投資銀行の仕事自体は好きだけど、何らかの理由で働く会社は変えたいという場合には有用な選択肢だと思います。
バイサイド
バイサイドは、要は運用で勝負する人たちであり、代表例は、
- PEファンド
- アセットマネジメント
あたりなのかなと思いますが、この2つの仕事はだいぶ違います。
PEファンド
PEファンドは、Private Equity Fundの略であることからわかるように、基本的に非上場会社をターゲットとしてそのマジョリティに投資して、IPOや他社への転売によってEIXTすることでリターンを得るビジネスです。PEファンドのジュニア層の場合はやっていることはモデリングであり、投資銀行のジュニアの仕事とほとんど変わらないというイメージで間違いはなさそうです。
(実際に、案件で懇意にさせていただいているファンドの方に聞いても、IBD(Investment Banking Division:投資銀行の投資銀行部門)出身者は「結局のところモデリングができてなんぼだ」と端的におっしゃっていました)
アセットマネジメント
直接の知り合いにアセットマネジメントへ転職したという方は居ないのですが、バイサイドの有力な転職先セグメントのひとつになるようです。

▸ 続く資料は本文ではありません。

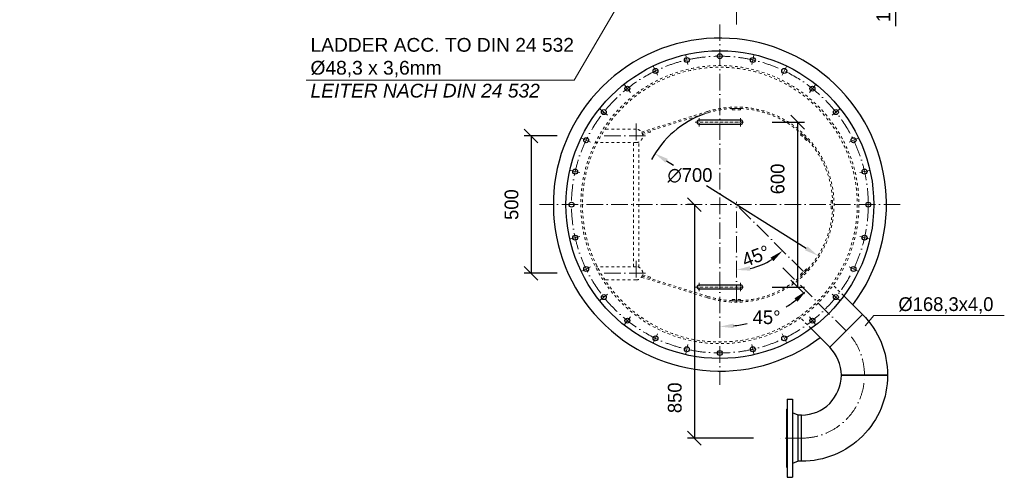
# Model space of a CAD drawing. Header units: millimetres. Extents: x -3395 to 5934498, y -177084 to 63013.
# Tile 11 of 256: x 82476 to 86059, y -176143 to -174477. Entities that reach past the tile are written whole.
import ezdxf

# ---------------------------------------------------------------- set-up
doc = ezdxf.new("R2010")
doc.units = ezdxf.units.MM
doc.linetypes.add('ACAD_ISO10W100', pattern=[18, 12, -3, 0, -3])
doc.linetypes.add('JIS_02_1.0', pattern=[2, 1, -1])
doc.layers.add('Bemaßung', color=7, linetype='Continuous', lineweight=9)
doc.layers.add('Beschriftung', color=7, linetype='Continuous', lineweight=9)
doc.styles.add('LBB3.5M1000', font='isocp.shx', dxfattribs={"height": 3.5})
doc.dimstyles.new('DIN', dxfattribs={"dimtxt": 2.5, "dimasz": 2.5, "dimexe": 1.25, "dimexo": 0.625, "dimtad": 1, "dimtih": 1, "dimdec": 4, "dimdsep": 46, "dimlunit": 6, "dimtxsty": 'Standard', "dimcen": 2.5, "dimadec": 0, "dimazin": 0, "dimtfac": 1, "dimtdec": 4, "dimtmove": 0, "dimatfit": 3, "dimfxl": 0, "dimtvp": 1, "dimtolj": 1, "dimtzin": 0, "dimarcsym": 0})

# ---------------------------------------------------------------- blocks, each defined once
blk = doc.blocks.new('_Oblique')
at = {"color": 0, "linetype": 'ByBlock', "lineweight": -2}
blk.add_line((-0.5, -0.5), (0.5, 0.5), dxfattribs=at)
blk = doc.blocks.new('*D515')
at = {"layer": 'Bemaßung', "color": 0, "lineweight": -2, "transparency": 16777216}
for p, q in [((85479.1, -174210.6), (85688.9, -174210.6)), ((85663.9, -174310.6), (85663.9, -174210.6)), ((85479.1, -174310.6), (85688.9, -174310.6)), ((85663.9, -174500.7), (85663.9, -174310.6))]:
    blk.add_line(p, q, dxfattribs=at)
at = {"layer": 'DEFPOINTS', "color": 0, "transparency": 16777216}
for p in [(85439.1, -174210.6), (85663.9, -174210.6), (85439.1, -174310.6)]:
    blk.add_point(p, dxfattribs=at)
at = {"layer": 'Bemaßung', "color": 0, "lineweight": -2, "transparency": 16777216, "xscale": 50, "yscale": 50, "zscale": 50}
for p, rotation in [((85663.9, -174210.6), 90), ((85663.9, -174310.6), 270)]:
    blk.add_blockref('_Oblique', p, dxfattribs=dict(at, rotation=rotation))
at = {"layer": 'Bemaßung', "color": 0, "transparency": 16777216, "insert": (85618.9, -174430.7), "char_height": 50, "attachment_point": 5, "rotation": 90}
blk.add_mtext('\\A1;100', dxfattribs=at)
blk = doc.blocks.new('*D541')
at = {"layer": 'Bemaßung', "color": 0, "lineweight": -2, "transparency": 16777216}
for p, q in [((84923.7, -175150.5), (84906.2, -175150.5)), ((84931.2, -175150.5), (84931.2, -176000.5)), ((85145.7, -176000.5), (84906.2, -176000.5))]:
    blk.add_line(p, q, dxfattribs=at)
at = {"layer": 'DEFPOINTS', "color": 0, "transparency": 16777216}
for p in [(85023.7, -175150.5), (84931.2, -176000.5), (85245.7, -176000.5)]:
    blk.add_point(p, dxfattribs=at)
at = {"layer": 'Bemaßung', "color": 0, "lineweight": -2, "transparency": 16777216, "xscale": 50, "yscale": 50, "zscale": 50}
for p, rotation in [((84931.2, -175150.5), 90), ((84931.2, -176000.5), 270)]:
    blk.add_blockref('_Oblique', p, dxfattribs=dict(at, rotation=rotation))
at = {"layer": 'Bemaßung', "color": 0, "transparency": 16777216, "insert": (84859.9, -175853.6), "char_height": 50, "attachment_point": 5, "rotation": 90}
blk.add_mtext('\\A1;850', dxfattribs=at)
blk = doc.blocks.new('*D542')
at = {"layer": 'Bemaßung', "color": 0, "lineweight": -2, "transparency": 16777216}
for p, q in [((85214, -174850.5), (85331.5, -174850.5)), ((85306.5, -174850.5), (85306.5, -175450.5)), ((85214, -175450.5), (85331.5, -175450.5))]:
    blk.add_line(p, q, dxfattribs=at)
at = {"layer": 'DEFPOINTS', "color": 0, "transparency": 16777216}
for p in [(85114, -174850.5), (85114, -175450.5), (85306.5, -175450.5)]:
    blk.add_point(p, dxfattribs=at)
at = {"layer": 'Bemaßung', "color": 0, "lineweight": -2, "transparency": 16777216, "xscale": 50, "yscale": 50, "zscale": 50}
for p, rotation in [((85306.5, -174850.5), 90), ((85306.5, -175450.5), 270)]:
    blk.add_blockref('_Oblique', p, dxfattribs=dict(at, rotation=rotation))
at = {"layer": 'Bemaßung', "color": 0, "transparency": 16777216, "insert": (85233.9, -175057.1), "char_height": 50, "attachment_point": 5, "rotation": 90}
blk.add_mtext('\\A1;600', dxfattribs=at)
blk = doc.blocks.new('*D543')
at = {"layer": 'Bemaßung', "color": 0, "lineweight": -2, "transparency": 16777216}
for p, q in [((84431.7, -174900.5), (84311.7, -174900.5)), ((84336.7, -174900.5), (84336.7, -175400.5)), ((84431.7, -175400.5), (84311.7, -175400.5))]:
    blk.add_line(p, q, dxfattribs=at)
at = {"layer": 'DEFPOINTS', "color": 0, "transparency": 16777216}
for p in [(84471.7, -174900.5), (84336.7, -175400.5), (84471.7, -175400.5)]:
    blk.add_point(p, dxfattribs=at)
at = {"layer": 'Bemaßung', "color": 0, "lineweight": -2, "transparency": 16777216, "xscale": 50, "yscale": 50, "zscale": 50}
for p, rotation in [((84336.7, -174900.5), 90), ((84336.7, -175400.5), 270)]:
    blk.add_blockref('_Oblique', p, dxfattribs=dict(at, rotation=rotation))
at = {"layer": 'Bemaßung', "color": 0, "transparency": 16777216, "insert": (84265.7, -175150.5), "char_height": 50, "attachment_point": 5, "rotation": 90}
blk.add_mtext('\\A1;500', dxfattribs=at)
blk = doc.blocks.new('*D544')
at = {"layer": 'Bemaßung', "color": 0, "lineweight": -2, "transparency": 16777216}
for start, end in [(302.8332, 308.5453), (276.4547, 282.8954)]:
    blk.add_arc((85023.7, -175150.5), 444.1, start, end, dxfattribs=at)
at = {"layer": 'Bemaßung', "color": 0, "transparency": 16777216}
for points in [[(85294.9, -175491.6), (85306, -175504.1), (85337.7, -175464.5)], [(85074.1, -175600.1), (85073.2, -175583.5), (85023.7, -175594.6)]]:
    blk.add_solid(points, dxfattribs=at)
at = {"layer": 'DEFPOINTS', "color": 0, "transparency": 16777216}
for p in [(85023.7, -174494.5), (85253.3, -175380.1), (85138.7, -175579.5), (85482.8, -175609.6), (85023.7, -175806.5)]:
    blk.add_point(p, dxfattribs=at)
at = {"layer": 'Bemaßung', "color": 0, "transparency": 16777216, "insert": (85193.7, -175560.8), "char_height": 50, "attachment_point": 5}
blk.add_mtext('\\A1;45°', dxfattribs=at)
blk = doc.blocks.new('*D545')
at = {"layer": 'Bemaßung', "color": 0, "lineweight": -2, "transparency": 16777216}
blk.add_arc((85084.1, -175150.5), 237.6, 282.0815, 302.9185, dxfattribs=at)
at = {"layer": 'Bemaßung', "color": 0, "transparency": 16777216}
for points in [[(85207.9, -175343.5), (85218.4, -175356.4), (85252, -175318.5)], [(85134.7, -175391.1), (85132.9, -175374.6), (85084.1, -175388.1)]]:
    blk.add_solid(points, dxfattribs=at)
at = {"layer": 'DEFPOINTS', "color": 0, "transparency": 16777216}
for p in [(85077, -175143.5), (85084.1, -175140.5), (85202.8, -175356.3), (85328, -175394.5), (85084.1, -175505.5)]:
    blk.add_point(p, dxfattribs=at)
at = {"layer": 'Bemaßung', "color": 0, "transparency": 16777216, "insert": (85154.5, -175337.8), "char_height": 50, "attachment_point": 5, "rotation": 20.6315}
blk.add_mtext('\\A1;45°', dxfattribs=at)
blk = doc.blocks.new('*D548')
at = {"layer": 'Bemaßung', "color": 0, "lineweight": -2, "transparency": 16777216}
for p, q in [((84829.9, -174991.2), (84855.1, -175007)), ((85338.2, -175309.9), (84974.8, -175082))]:
    blk.add_line(p, q, dxfattribs=at)
blk.add_arc((85084.1, -175150.5), 350, 109.3479, 152.0065, dxfattribs=at)
at = {"layer": 'Bemaßung', "color": 0, "transparency": 16777216}
for points in [[(84834.3, -174984.1), (84825.5, -174998.2), (84787.5, -174964.6)], [(85342.7, -175302.8), (85333.8, -175317), (85380.6, -175336.5)]]:
    blk.add_solid(points, dxfattribs=at)
at = {"layer": 'DEFPOINTS', "color": 0, "transparency": 16777216}
for p in [(84787.5, -174964.6), (85380.6, -175336.5)]:
    blk.add_point(p, dxfattribs=at)
at = {"layer": 'Bemaßung', "color": 0, "transparency": 16777216, "insert": (84915, -175044.5), "char_height": 50, "attachment_point": 5}
blk.add_mtext('\\A1;∅700', dxfattribs=at)

msp = doc.modelspace()

# ---------------------------------------------------------------- linework, layer by layer
at = {"linetype": 'ACAD_ISO10W100', "lineweight": 18, "ltscale": 5}
for p, q in [((85084.05445, -174494.54391), (85084.05445, -174290.60527)), ((85023.72841, -174494.54391), (85023.72841, -175806.54391)), ((84899.6875, -174607.08518), (84907.44671, -174641.0805)), ((85147.76932, -174607.08518), (85140.01011, -174641.0805)), ((84781.86652, -174648.31252), (84796.99586, -174679.72893)), ((85265.5903, -174648.31252), (85250.46096, -174679.72893)), ((84676.1735, -174714.72384), (84697.91433, -174741.98598)), ((85371.28332, -174714.72384), (85349.54249, -174741.98598)), ((84587.90834, -174802.98901), (84615.17048, -174824.72983)), ((85459.54848, -174802.98901), (85432.28634, -174824.72983)), ((84719.20545, -174855.61855), (84719.20545, -174945.46927)), ((84521.49702, -174908.68202), (84552.91342, -174923.81136)), ((84753.20445, -174900.54391), (84586.04175, -174900.54391)), ((85525.9598, -174908.68202), (85494.5434, -174923.81136)), ((84480.26968, -175026.503), (84514.265, -175034.26221)), ((85567.18715, -175026.503), (85533.19182, -175034.26221)), ((85679.72841, -175150.54391), (84367.72841, -175150.54391)), ((85328.00629, -175394.49575), (85076.98338, -175143.47284)), ((85084.05445, -175505.54391), (85084.05445, -175140.54391)), ((84480.26968, -175274.58482), (84514.265, -175266.82561)), ((85567.18715, -175274.58482), (85533.19182, -175266.82561)), ((84719.20545, -175355.61855), (84719.20545, -175445.46927)), ((84521.49702, -175392.4058), (84552.91342, -175377.27646)), ((84753.20445, -175400.54391), (84586.04175, -175400.54391)), ((85253.26468, -175380.08019), (85482.80096, -175609.61646)), ((85525.9598, -175392.4058), (85494.5434, -175377.27646)), ((84587.90834, -175498.09882), (84615.17048, -175476.35799)), ((85459.54848, -175498.09882), (85432.28634, -175476.35799)), ((84676.1735, -175586.36398), (84697.91433, -175559.10185)), ((85371.28332, -175586.36398), (85349.54249, -175559.10185)), ((84781.86652, -175652.7753), (84796.99586, -175621.3589)), ((85265.5903, -175652.7753), (85250.46096, -175621.3589)), ((84899.6875, -175694.00265), (84907.44671, -175660.00732)), ((85147.76932, -175694.00265), (85140.01011, -175660.00732)), ((85320.87351, -176000.54391), (85245.69602, -176000.54391))]:
    msp.add_line(p, q, dxfattribs=at)
at = {"linetype": 'JIS_02_1.0', "lineweight": 18, "ltscale": 10}
for p, q in [((84738.63823, -174886.41246), (84978.35206, -174811.64569)), ((84741.13967, -174890.77326), (84979.96399, -174816.38051)), ((84719.05445, -174876.39391), (84600.91359, -174876.39391)), ((84719.05445, -174924.69391), (84572.9695, -174924.69391)), ((84709.05445, -175376.39391), (84709.05445, -174924.69391)), ((84729.05445, -175378.56159), (84729.05445, -174922.52623)), ((84719.05445, -175376.39391), (84572.9695, -175376.39391)), ((84719.05445, -175424.69391), (84600.91359, -175424.69391)), ((84738.63823, -175414.67537), (84978.35206, -175489.44213)), ((84741.13967, -175410.31456), (84979.96399, -175484.70731)), ((85474.71502, -175482.52445), (85431.74169, -175439.55112)), ((85355.70895, -175601.53052), (85312.73562, -175558.55719))]:
    msp.add_line(p, q, dxfattribs=at)
at = {"linetype": 'ACAD_ISO10W100', "lineweight": 18}
for p, q in [((84948.72841, -174865.84551), (84948.72841, -174835.24231)), ((85098.72841, -174865.84551), (85098.72841, -174835.24231)), ((84933.42681, -174850.54391), (85114.03001, -174850.54391)), ((84948.72841, -175465.84551), (84948.72841, -175435.24231)), ((85098.72841, -175465.84551), (85098.72841, -175435.24231)), ((84933.42681, -175450.54391), (85114.03001, -175450.54391))]:
    msp.add_line(p, q, dxfattribs=at)
for p, q in [((84948.72841, -174842.54391), (85098.72841, -174842.54391)), ((85098.72841, -174858.54391), (84948.72841, -174858.54391)), ((84948.72841, -175442.54391), (85098.72841, -175442.54391)), ((85098.72841, -175458.54391), (84948.72841, -175458.54391)), ((85542.30399, -175550.11342), (85474.71502, -175482.52445)), ((85423.29792, -175669.11949), (85355.70895, -175601.53052)), ((85268.87351, -175858.04391), (85268.87351, -176143.04391)), ((85268.87351, -175858.04391), (85287.87351, -175858.04391)), ((85287.87351, -175858.04391), (85287.87351, -176143.04391)), ((85265.87351, -175894.54391), (85268.87351, -175894.54391)), ((85265.87351, -175894.54391), (85265.87351, -176106.54391)), ((85308.87351, -175916.39391), (85287.87351, -175908.54391)), ((85320.87351, -175916.39391), (85308.87351, -175916.39391)), ((85308.87351, -176084.69391), (85308.87351, -175916.39391)), ((85320.87351, -175916.39391), (85308.87351, -175916.39391)), ((85308.87351, -176084.69391), (85287.87351, -176092.54391)), ((85320.87351, -176084.69391), (85308.87351, -176084.69391)), ((85320.87351, -176084.69391), (85308.87351, -176084.69391)), ((85265.87351, -176106.54391), (85268.87351, -176106.54391)), ((85268.87351, -176143.04391), (85287.87351, -176143.04391))]:
    msp.add_line(p, q)
at = {"linetype": 'JIS_02_1.0', "lineweight": 18, "ltscale": 10}
for points in [[(85069.05445, -174800.54391), (85099.05445, -174800.54391), (85099.05445, -174805.54391), (85069.05445, -174805.54391)], [(84741.28943, -174890.72661), (84769.93196, -174881.80443), (84771.41899, -174886.57819), (84742.77646, -174895.50037)], [(85342.14842, -174913.66314), (85320.93522, -174892.44994), (85317.39969, -174895.98547), (85338.61289, -174917.19867)], [(85434.05445, -175165.54391), (85434.05445, -175135.54391), (85429.05445, -175135.54391), (85429.05445, -175165.54391)], [(84741.28892, -175410.36284), (84769.93149, -175419.28488), (84771.4185, -175414.51111), (84742.77592, -175405.58907)], [(85320.93522, -175408.63789), (85342.14842, -175387.42468), (85338.61289, -175383.88915), (85317.39969, -175405.10235)], [(85069.05445, -175500.54391), (85099.05445, -175500.54391), (85099.05445, -175495.54391), (85069.05445, -175495.54391)]]:
    msp.add_lwpolyline(points, close=True, dxfattribs=at)
for points in [[(85542.30399, -175550.11342, -0.1989123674), (85634.02351, -175771.54391), (85465.72351, -175771.54391, 0.1989123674), (85423.29792, -175669.11949)], [(85320.87351, -176084.69391), (85320.87351, -175916.39391, 0.4142135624), (85465.72351, -175771.54391), (85634.02351, -175771.54391, -0.4142135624)]]:
    msp.add_lwpolyline(points, format="xyb", close=True)
for centre, radius in [((85023.72841, -175150.54391), 560), ((84903.56711, -174624.08284), 9), ((85023.72841, -174610.54391), 9), ((85143.88972, -174624.08284), 9), ((84789.43119, -174664.02072), 9), ((85258.02563, -174664.02072), 9), ((84687.04392, -174728.35491), 9), ((85360.4129, -174728.35491), 9), ((84601.53941, -174813.85942), 9), ((85445.91741, -174813.85942), 9), ((84537.20522, -174916.24669), 9), ((85510.2516, -174916.24669), 9), ((84497.26734, -175030.38261), 9), ((85550.18948, -175030.38261), 9), ((84483.72841, -175150.54391), 9), ((85563.72841, -175150.54391), 9), ((84497.26734, -175270.70522), 9), ((85550.18948, -175270.70522), 9), ((84537.20522, -175384.84113), 9), ((85510.2516, -175384.84113), 9), ((84601.53941, -175487.2284), 9), ((85445.91741, -175487.2284), 9), ((84687.04392, -175572.73291), 9), ((85360.4129, -175572.73291), 9), ((84789.43119, -175637.0671), 9), ((85258.02563, -175637.0671), 9), ((84903.56711, -175677.00498), 9), ((85023.72841, -175690.54391), 9), ((85143.88972, -175677.00498), 9)]:
    msp.add_circle(centre, radius)
at = {"linetype": 'ACAD_ISO10W100', "lineweight": 18, "ltscale": 5}
msp.add_circle((85023.72841, -175150.54391), 540, dxfattribs=at)
at = {"linetype": 'JIS_02_1.0', "lineweight": 18, "ltscale": 10}
for radius in [506, 500]:
    msp.add_circle((85023.72841, -175150.54391), radius, dxfattribs=at)
for centre, radius, start, end in [((85023.72841, -175150.54391), 606, 322.98196494, 307.01803506), ((84948.72841, -174850.54391), 8, 90, 270), ((85098.72841, -174850.54391), 8, 270, 90), ((84948.72841, -175450.54391), 8, 90, 270), ((85098.72841, -175450.54391), 8, 270, 90)]:
    msp.add_arc(centre, radius, start, end)
for centre, radius, start, end in [((85084.05445, -175150.54391), 355, 252.67729479, 107.32270521), ((85084.05445, -175150.54391), 350, 252.69841378, 107.30158622), ((84719.05445, -174900.54391), 24.15, 270, 90), ((84719.05445, -175400.54391), 24.15, 270, 90)]:
    msp.add_arc(centre, radius, start, end, dxfattribs=at)
at = {"linetype": 'ACAD_ISO10W100', "lineweight": 18, "ltscale": 5}
for start, end in [(0, 45), (270, 0)]:
    msp.add_arc((85320.87351, -175771.54391), 229, start, end, dxfattribs=at)
at = {"layer": 'Bemaßung'}
for p, q in [((85552.68393, -175592.29043), (85584.26073, -175553.98276)), ((85584.26073, -175553.98276), (86058.69194, -175553.98276))]:
    msp.add_line(p, q, dxfattribs=at)
at = {"layer": 'Beschriftung'}
for p, q in [((84493.69667, -174697.9954), (84712.59114, -174323.63174)), ((83518.35642, -174697.9954), (84493.69667, -174697.9954))]:
    msp.add_line(p, q, dxfattribs=at)

# ---------------------------------------------------------------- texts
at = {"layer": 'Bemaßung', "insert": (85846.2609, -175517.46377), "char_height": 50, "attachment_point": 5}
msp.add_mtext('\\A1;%%C168,3x4,0', dxfattribs=at)
at = {"layer": 'Beschriftung', "char_height": 50, "attachment_point": 1, "style": 'LBB3.5M1000'}
for s, insert, width in [('\\pi75.491;{\\fArial|b0|i0|c0|p34;TOP PLATE\\P\\pi3.3734;\\fArial|b0|i1|c0|p34;DECKENBLECH}', (80044.88664, -174340.41827), 529.8709739), ('{\\fArial|b0|i0|c0|p34;LADDER ACC. TO DIN 24 532\\PØ48,3 x 3,6mm\\P\\fArial|b0|i1|c0|p34;LEITER NACH DIN 24 532}', (83534.14278, -174544.06084), 988.2264508)]:
    msp.add_mtext(s, dxfattribs=dict(at, insert=insert, width=width))

# ---------------------------------------------------------------- dimensions: what is measured, and where the dimension line sits
at = {"layer": 'Bemaßung'}
for base, p1, p2, override, picture, middle in [((85663.86947, -174210.60527), (85439.05445, -174310.60527), (85439.05445, -174210.60527), {"dimscale": 20, "dimexo": 2, "dimgap": 1, "dimdec": 2, "dimblk1": 'Oblique', "dimblk2": 'Oblique', "dimsah": 1, "dimtdec": 2, "dimtmove": 1}, '*D515', (85649.18082, -174430.71285)), ((85306.51139, -175450.54391), (85114.03001, -174850.54391), (85114.03001, -175450.54391), {"dimscale": 20, "dimexo": 5, "dimgap": 1, "dimdec": 2, "dimblk1": 'Oblique', "dimblk2": 'Oblique', "dimsah": 1, "dimtdec": 2, "dimtmove": 2}, '*D542', (85233.9184, -175057.13114)), ((84336.723, -175400.54391), (84471.69943, -174900.54391), (84471.69943, -175400.54391), {"dimscale": 20, "dimexo": 2, "dimgap": 1, "dimdec": 2, "dimblk1": 'Oblique', "dimblk2": 'Oblique', "dimsah": 1, "dimtdec": 2, "dimtmove": 2}, '*D543', (84265.68429, -175150.54391)), ((84931.18011, -176000.54391), (85023.72841, -175150.54391), (85245.69602, -176000.54391), {"dimscale": 20, "dimexo": 5, "dimgap": 1, "dimdec": 2, "dimblk1": 'Oblique', "dimblk2": 'Oblique', "dimsah": 1, "dimtdec": 2, "dimtmove": 2}, '*D541', (84859.87543, -175853.62576))]:
    dim = msp.add_linear_dim(base=base, p1=p1, p2=p2, angle=90, dimstyle='DIN', override=override, dxfattribs=at)
    dim.commit()
    dim.dimension.update_dxf_attribs({"geometry": picture, "text_midpoint": middle, "dimtype": 160})
dim = msp.add_angular_dim_2l(base=(85138.66067, -175579.47692), line1=((85253.26468, -175380.08019), (85482.80096, -175609.61646)), line2=((85023.72841, -174494.54391), (85023.72841, -175806.54391)), dimstyle='DIN', override={"dimscale": 20, "dimdec": 2, "dimtdec": 2}, dxfattribs=at)
dim.commit()
dim.dimension.update_dxf_attribs({"geometry": '*D544', "text_midpoint": (85193.6644, -175560.80567)})
dim = msp.add_diameter_dim_2p(p1=(85380.5923, -175336.46138), p2=(84787.5166, -174964.62644), dimstyle='DIN', override={"dimscale": 20, "dimdec": 2, "dimtdec": 2, "dimtmove": 2}, dxfattribs=at)
dim.commit()
dim.dimension.update_dxf_attribs({"geometry": '*D548', "text_midpoint": (84914.96198, -175044.52964), "dimtype": 163})
dim = msp.add_angular_dim_2l(base=(85202.83534, -175356.27846), line1=((85084.05445, -175505.54391), (85084.05445, -175140.54391)), line2=((85328.00629, -175394.49575), (85076.98338, -175143.47284)), dimstyle='DIN', override={"dimscale": 20, "dimdec": 2, "dimtdec": 2}, dxfattribs=at)
dim.commit()
dim.dimension.update_dxf_attribs({"geometry": '*D545', "text_midpoint": (85167.76101, -175372.86983), "dimtype": 162})

doc.saveas('drawing.dxf')

基本的に、セカンダリー市場を相手に商売をすることになるので、IBD出身者の場合はだいぶ違った仕事になりますが、それもまた面白いと思えるかどうかだと思います。
商社という選択肢
ここ数年、IBD出身者で直接的な知り合いがが商社へ転職するというケースを何人か見てきました。
若手の場合、ポテンシャル採用で総合職的な位置づけで採用されているケースもありましたが、基本的にはM&A関連の部署に配属となり、投資案件を検討するチームメンバーとなるケースが多いように感じます。
そうなると、商社という看板ですが、やっていることはファンドに就職したケースとあまり変わらないようです。そしてファンドよりはワークライフバランスが取りやすく、マイルドな生活を送れるということもあり、相応に人気な転職先になってきているように感じられます。
さいごに
色々な選択肢を検討してみましたが、まとめとして一つ言えることがあるとすれば、投資銀行出身者というのは、上手く使えば転職の黄金のチケットであり、それをどのように生かしていくのかは自分のキャリアプランを長期的に見据えながら考えていくと良いと思います。